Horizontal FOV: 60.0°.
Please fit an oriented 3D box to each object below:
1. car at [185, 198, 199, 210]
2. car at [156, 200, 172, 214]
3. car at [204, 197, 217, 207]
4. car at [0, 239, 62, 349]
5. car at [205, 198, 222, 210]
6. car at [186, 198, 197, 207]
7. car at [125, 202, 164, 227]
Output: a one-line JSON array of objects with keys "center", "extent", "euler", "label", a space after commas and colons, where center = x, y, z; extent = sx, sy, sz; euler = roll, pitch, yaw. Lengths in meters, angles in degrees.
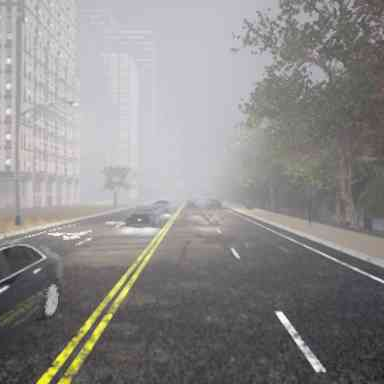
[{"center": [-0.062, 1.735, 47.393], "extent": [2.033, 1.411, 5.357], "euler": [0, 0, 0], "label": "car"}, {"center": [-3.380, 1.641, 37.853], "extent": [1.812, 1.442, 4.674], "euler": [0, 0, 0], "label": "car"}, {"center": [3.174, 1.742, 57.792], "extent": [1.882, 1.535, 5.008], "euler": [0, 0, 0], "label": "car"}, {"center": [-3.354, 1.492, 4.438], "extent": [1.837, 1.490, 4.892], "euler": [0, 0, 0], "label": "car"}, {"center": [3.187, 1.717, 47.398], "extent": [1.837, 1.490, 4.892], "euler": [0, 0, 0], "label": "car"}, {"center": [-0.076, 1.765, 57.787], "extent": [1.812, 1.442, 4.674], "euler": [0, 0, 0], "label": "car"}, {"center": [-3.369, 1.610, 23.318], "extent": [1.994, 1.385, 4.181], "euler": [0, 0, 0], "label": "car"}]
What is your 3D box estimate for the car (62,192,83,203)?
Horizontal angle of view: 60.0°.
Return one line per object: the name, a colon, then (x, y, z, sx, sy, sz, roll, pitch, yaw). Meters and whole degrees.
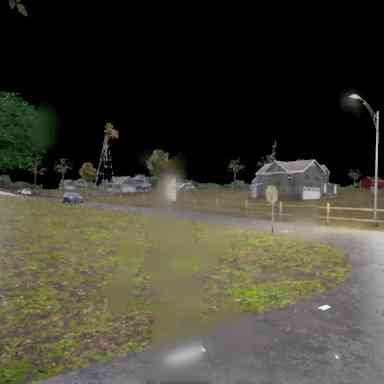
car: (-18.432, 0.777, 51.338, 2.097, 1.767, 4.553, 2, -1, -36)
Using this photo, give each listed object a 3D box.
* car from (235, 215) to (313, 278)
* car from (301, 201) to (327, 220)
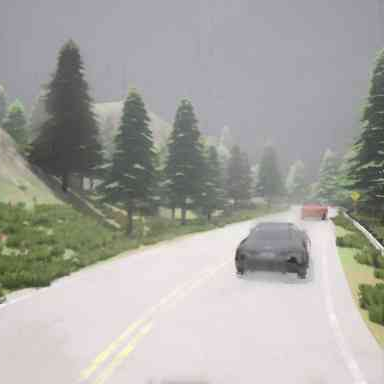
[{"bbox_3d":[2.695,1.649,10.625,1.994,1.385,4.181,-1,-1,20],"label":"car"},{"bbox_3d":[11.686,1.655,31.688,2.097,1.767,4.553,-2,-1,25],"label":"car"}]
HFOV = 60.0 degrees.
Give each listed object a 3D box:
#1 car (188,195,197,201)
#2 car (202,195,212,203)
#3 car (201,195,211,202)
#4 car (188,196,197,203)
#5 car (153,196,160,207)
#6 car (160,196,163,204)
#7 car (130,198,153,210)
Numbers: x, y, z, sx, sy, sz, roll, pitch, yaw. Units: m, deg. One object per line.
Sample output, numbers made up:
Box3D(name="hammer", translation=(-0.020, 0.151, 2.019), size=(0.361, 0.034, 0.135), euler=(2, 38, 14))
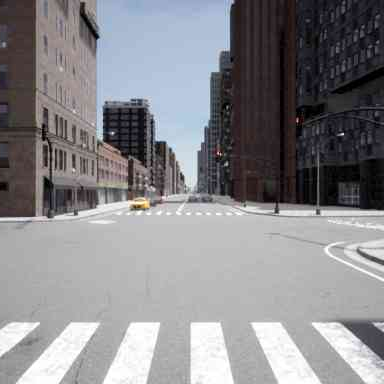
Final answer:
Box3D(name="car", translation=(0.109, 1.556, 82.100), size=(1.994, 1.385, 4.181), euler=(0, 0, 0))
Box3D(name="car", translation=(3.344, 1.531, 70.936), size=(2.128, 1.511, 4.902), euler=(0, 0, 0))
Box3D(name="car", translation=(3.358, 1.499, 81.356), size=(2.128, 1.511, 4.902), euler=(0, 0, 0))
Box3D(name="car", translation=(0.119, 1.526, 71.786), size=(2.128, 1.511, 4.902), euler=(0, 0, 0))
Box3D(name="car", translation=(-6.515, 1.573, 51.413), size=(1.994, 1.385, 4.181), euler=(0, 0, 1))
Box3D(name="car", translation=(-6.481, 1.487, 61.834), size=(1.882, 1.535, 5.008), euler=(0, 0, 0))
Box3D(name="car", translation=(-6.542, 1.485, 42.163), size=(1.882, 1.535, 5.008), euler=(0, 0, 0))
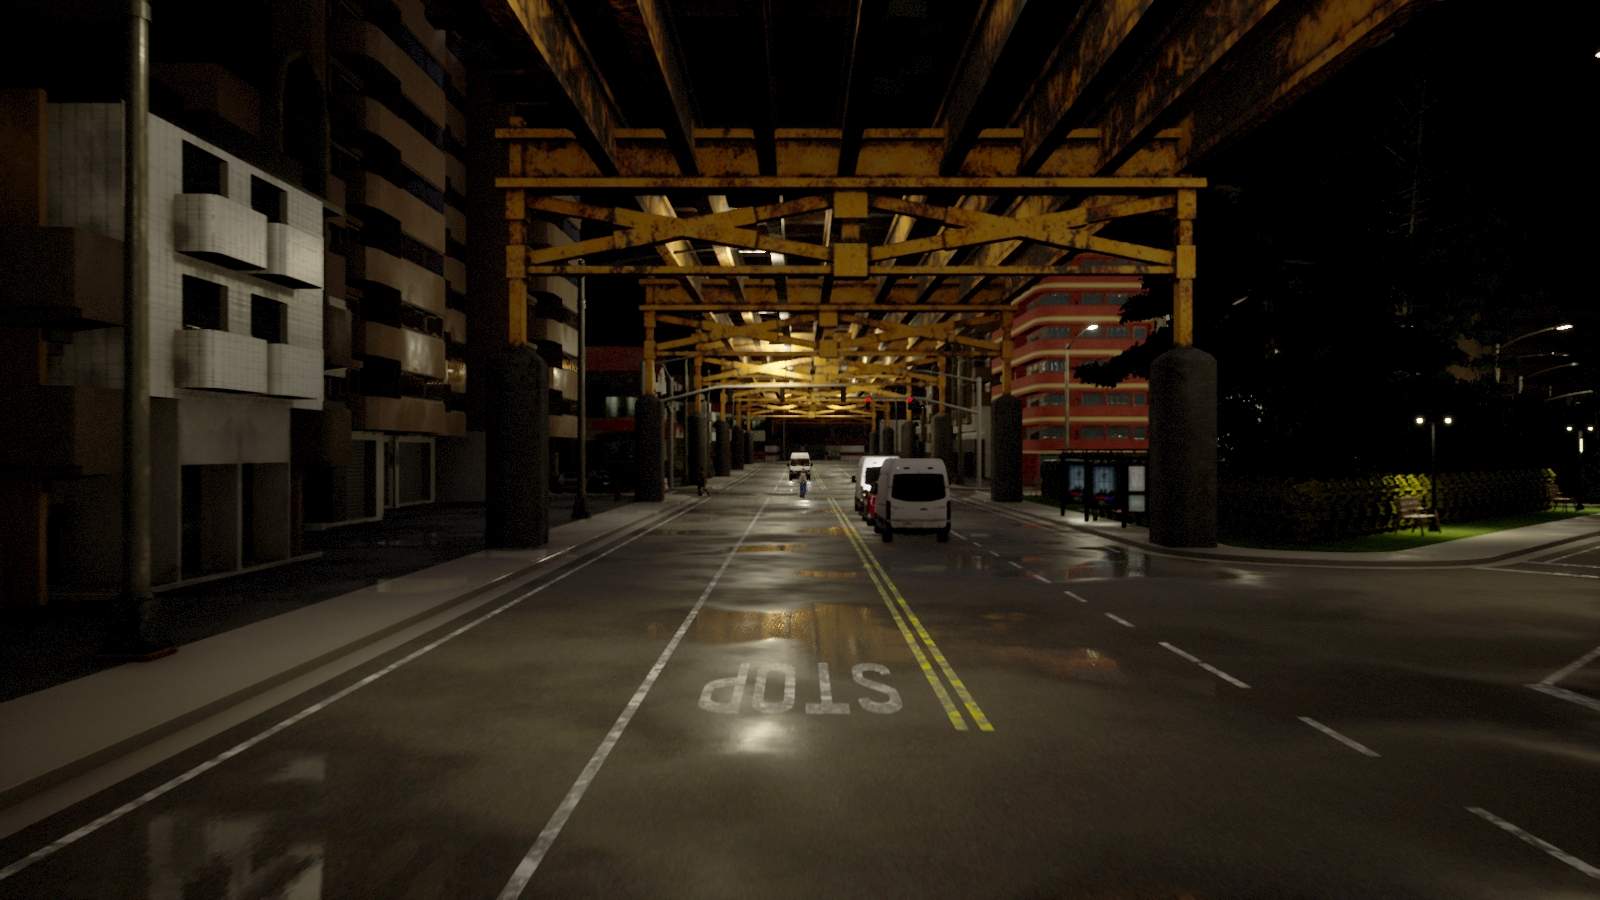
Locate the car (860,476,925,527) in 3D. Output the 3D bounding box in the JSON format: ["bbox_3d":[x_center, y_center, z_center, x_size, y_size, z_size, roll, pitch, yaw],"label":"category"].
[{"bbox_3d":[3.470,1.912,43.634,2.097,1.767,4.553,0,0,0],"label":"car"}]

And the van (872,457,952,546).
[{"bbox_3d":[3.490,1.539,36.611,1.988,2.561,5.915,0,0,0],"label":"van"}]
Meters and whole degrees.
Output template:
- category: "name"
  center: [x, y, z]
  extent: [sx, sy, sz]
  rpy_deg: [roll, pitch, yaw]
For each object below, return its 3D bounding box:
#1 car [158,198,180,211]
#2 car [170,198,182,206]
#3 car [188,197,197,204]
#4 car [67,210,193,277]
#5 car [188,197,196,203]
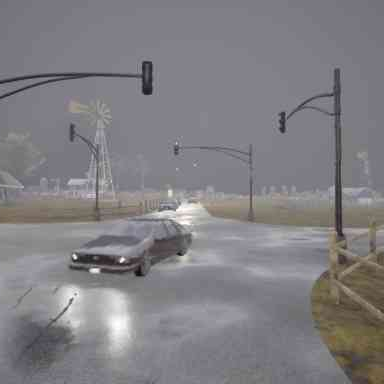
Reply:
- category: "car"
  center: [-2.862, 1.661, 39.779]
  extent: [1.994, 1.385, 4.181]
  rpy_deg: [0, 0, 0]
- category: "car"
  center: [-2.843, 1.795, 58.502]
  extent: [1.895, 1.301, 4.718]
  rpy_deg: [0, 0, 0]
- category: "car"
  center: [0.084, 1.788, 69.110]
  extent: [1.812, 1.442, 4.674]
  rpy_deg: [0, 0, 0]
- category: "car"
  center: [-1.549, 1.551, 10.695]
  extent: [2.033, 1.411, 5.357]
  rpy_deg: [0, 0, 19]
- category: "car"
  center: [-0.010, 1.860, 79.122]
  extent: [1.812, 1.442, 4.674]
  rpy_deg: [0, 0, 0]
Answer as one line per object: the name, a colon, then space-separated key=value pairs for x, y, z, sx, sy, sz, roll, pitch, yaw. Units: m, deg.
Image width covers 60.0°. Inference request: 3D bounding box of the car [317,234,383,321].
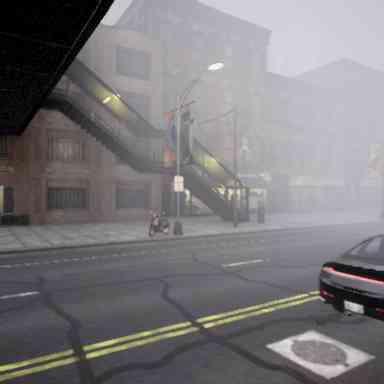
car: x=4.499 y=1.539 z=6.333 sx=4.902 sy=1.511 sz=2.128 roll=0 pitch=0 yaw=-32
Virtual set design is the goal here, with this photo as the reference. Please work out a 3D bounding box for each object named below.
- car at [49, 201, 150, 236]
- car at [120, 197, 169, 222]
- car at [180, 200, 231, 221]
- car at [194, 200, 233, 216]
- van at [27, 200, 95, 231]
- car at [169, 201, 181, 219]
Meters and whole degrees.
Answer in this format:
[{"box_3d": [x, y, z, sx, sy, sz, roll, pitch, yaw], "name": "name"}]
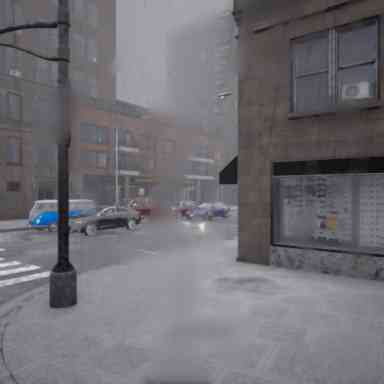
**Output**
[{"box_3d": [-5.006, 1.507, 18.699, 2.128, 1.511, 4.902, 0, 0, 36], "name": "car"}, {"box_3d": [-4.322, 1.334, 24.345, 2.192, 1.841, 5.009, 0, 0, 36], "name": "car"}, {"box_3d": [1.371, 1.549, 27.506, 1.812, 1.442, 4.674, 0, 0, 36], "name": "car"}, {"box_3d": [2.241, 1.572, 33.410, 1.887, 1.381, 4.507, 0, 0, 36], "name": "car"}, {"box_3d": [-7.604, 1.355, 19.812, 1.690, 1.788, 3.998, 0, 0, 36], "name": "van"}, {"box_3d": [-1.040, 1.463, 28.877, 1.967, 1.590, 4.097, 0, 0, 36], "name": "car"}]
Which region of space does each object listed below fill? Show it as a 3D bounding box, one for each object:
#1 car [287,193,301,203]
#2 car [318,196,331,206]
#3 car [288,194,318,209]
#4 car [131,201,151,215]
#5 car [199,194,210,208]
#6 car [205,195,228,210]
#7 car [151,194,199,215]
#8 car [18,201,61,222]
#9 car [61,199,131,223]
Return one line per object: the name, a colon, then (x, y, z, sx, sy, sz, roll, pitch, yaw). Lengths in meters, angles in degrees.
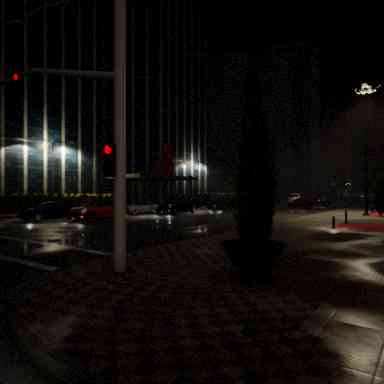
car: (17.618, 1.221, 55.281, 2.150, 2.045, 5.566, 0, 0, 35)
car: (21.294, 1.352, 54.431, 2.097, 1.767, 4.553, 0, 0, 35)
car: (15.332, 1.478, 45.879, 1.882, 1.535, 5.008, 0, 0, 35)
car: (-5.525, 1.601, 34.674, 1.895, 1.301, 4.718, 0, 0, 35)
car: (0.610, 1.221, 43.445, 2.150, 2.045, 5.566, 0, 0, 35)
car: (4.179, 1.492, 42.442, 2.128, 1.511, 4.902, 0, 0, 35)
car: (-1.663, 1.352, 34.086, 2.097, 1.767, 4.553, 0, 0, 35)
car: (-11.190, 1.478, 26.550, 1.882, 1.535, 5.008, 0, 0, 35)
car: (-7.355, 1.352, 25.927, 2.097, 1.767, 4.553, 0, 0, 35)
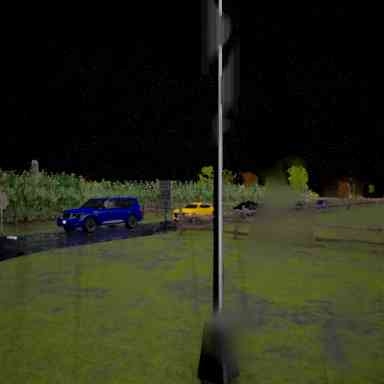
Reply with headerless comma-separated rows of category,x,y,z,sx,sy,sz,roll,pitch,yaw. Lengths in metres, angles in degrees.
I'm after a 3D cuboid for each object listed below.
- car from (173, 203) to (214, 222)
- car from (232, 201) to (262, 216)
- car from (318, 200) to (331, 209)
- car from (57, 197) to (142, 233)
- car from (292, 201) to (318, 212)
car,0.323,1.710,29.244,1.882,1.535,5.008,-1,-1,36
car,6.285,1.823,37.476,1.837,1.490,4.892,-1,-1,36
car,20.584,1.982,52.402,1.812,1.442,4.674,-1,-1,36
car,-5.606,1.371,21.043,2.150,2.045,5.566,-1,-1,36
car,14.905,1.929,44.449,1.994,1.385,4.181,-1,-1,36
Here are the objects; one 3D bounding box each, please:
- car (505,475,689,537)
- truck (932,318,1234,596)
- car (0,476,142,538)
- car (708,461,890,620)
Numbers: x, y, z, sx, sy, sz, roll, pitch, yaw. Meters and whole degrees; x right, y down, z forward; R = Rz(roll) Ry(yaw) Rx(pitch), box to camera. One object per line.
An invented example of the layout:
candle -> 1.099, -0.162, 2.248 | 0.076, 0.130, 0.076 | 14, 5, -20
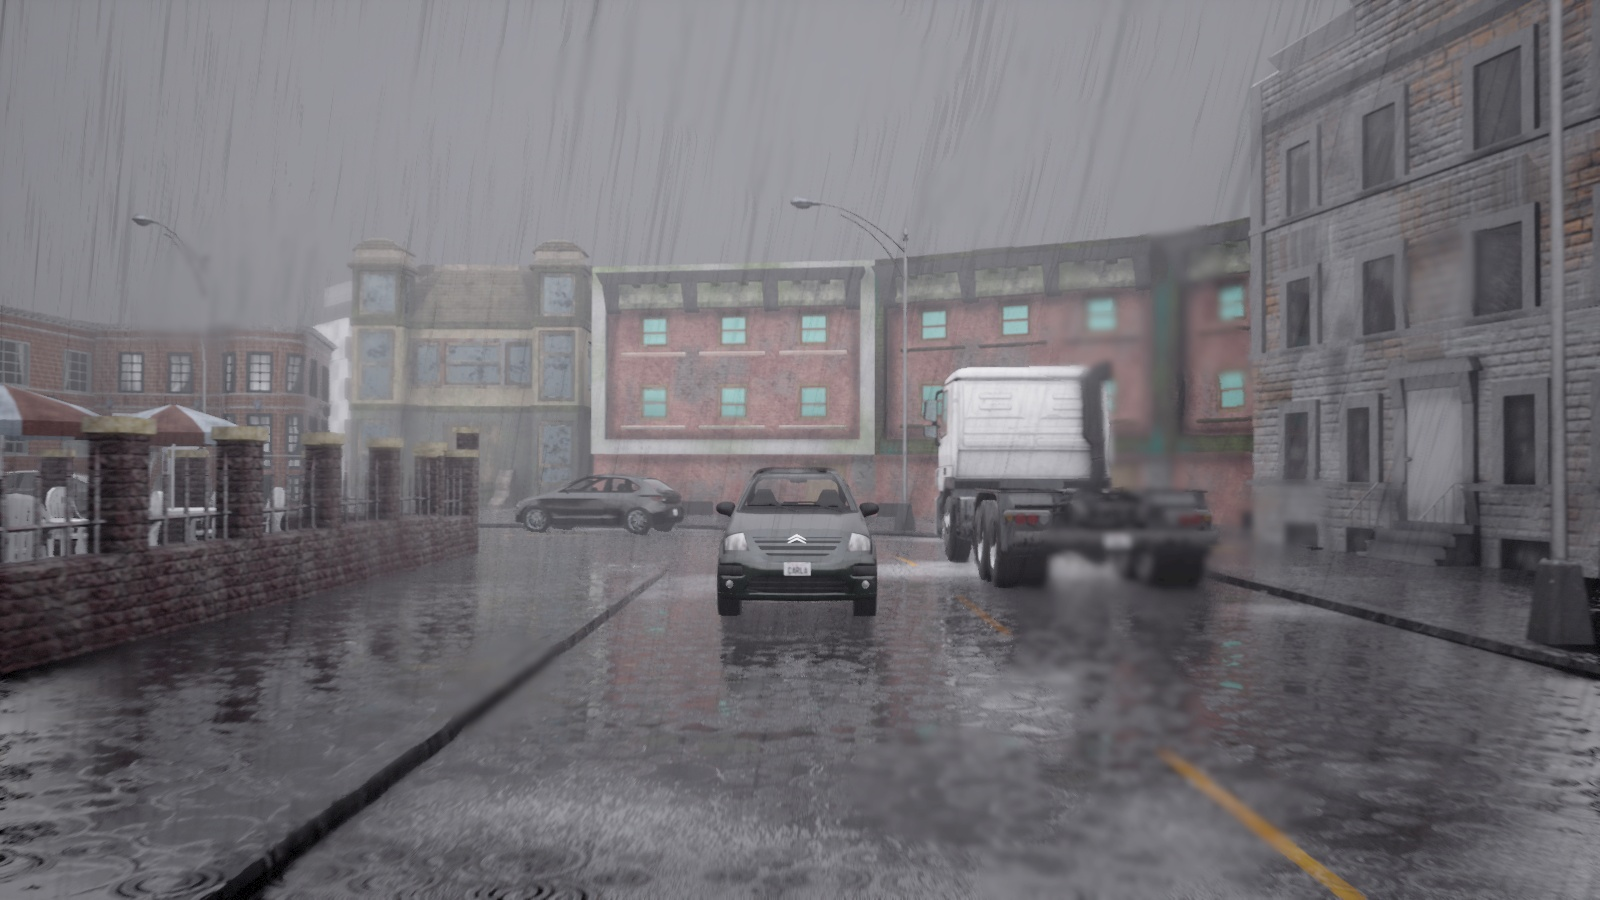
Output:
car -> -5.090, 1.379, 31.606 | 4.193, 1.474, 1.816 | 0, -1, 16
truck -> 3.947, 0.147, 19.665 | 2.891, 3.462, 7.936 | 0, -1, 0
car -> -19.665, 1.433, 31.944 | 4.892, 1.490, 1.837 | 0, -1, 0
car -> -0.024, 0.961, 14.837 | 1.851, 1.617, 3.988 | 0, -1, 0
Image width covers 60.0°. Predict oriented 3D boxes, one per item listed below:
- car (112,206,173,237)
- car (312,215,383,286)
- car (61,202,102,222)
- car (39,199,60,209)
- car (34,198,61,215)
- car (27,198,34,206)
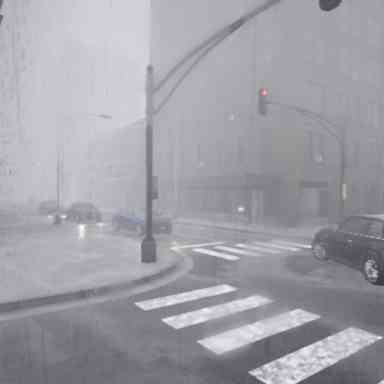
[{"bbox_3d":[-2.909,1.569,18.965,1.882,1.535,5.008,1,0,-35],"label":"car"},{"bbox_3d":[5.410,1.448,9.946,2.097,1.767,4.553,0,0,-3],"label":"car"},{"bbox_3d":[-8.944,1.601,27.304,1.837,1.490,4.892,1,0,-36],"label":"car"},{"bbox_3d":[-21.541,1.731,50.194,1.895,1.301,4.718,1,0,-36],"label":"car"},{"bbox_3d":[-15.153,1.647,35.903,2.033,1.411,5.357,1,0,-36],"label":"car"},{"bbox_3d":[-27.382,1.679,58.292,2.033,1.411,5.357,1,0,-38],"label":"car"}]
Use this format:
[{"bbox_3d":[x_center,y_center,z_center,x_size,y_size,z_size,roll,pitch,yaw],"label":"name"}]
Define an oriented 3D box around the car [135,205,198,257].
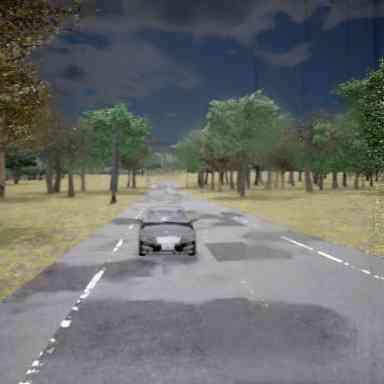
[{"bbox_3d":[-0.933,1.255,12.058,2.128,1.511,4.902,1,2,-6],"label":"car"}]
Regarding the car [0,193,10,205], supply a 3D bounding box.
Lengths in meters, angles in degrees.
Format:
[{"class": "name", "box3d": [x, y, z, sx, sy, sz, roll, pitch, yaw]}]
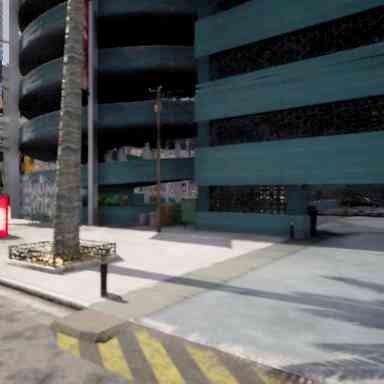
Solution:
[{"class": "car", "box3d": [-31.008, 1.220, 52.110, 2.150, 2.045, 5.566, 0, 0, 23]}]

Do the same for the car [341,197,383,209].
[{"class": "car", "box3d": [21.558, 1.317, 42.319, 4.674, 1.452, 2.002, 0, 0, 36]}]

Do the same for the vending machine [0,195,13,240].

▸ What is needed:
Every line above that holds "this" should be tallied; answer with the total alone.

▸ Completed task:
4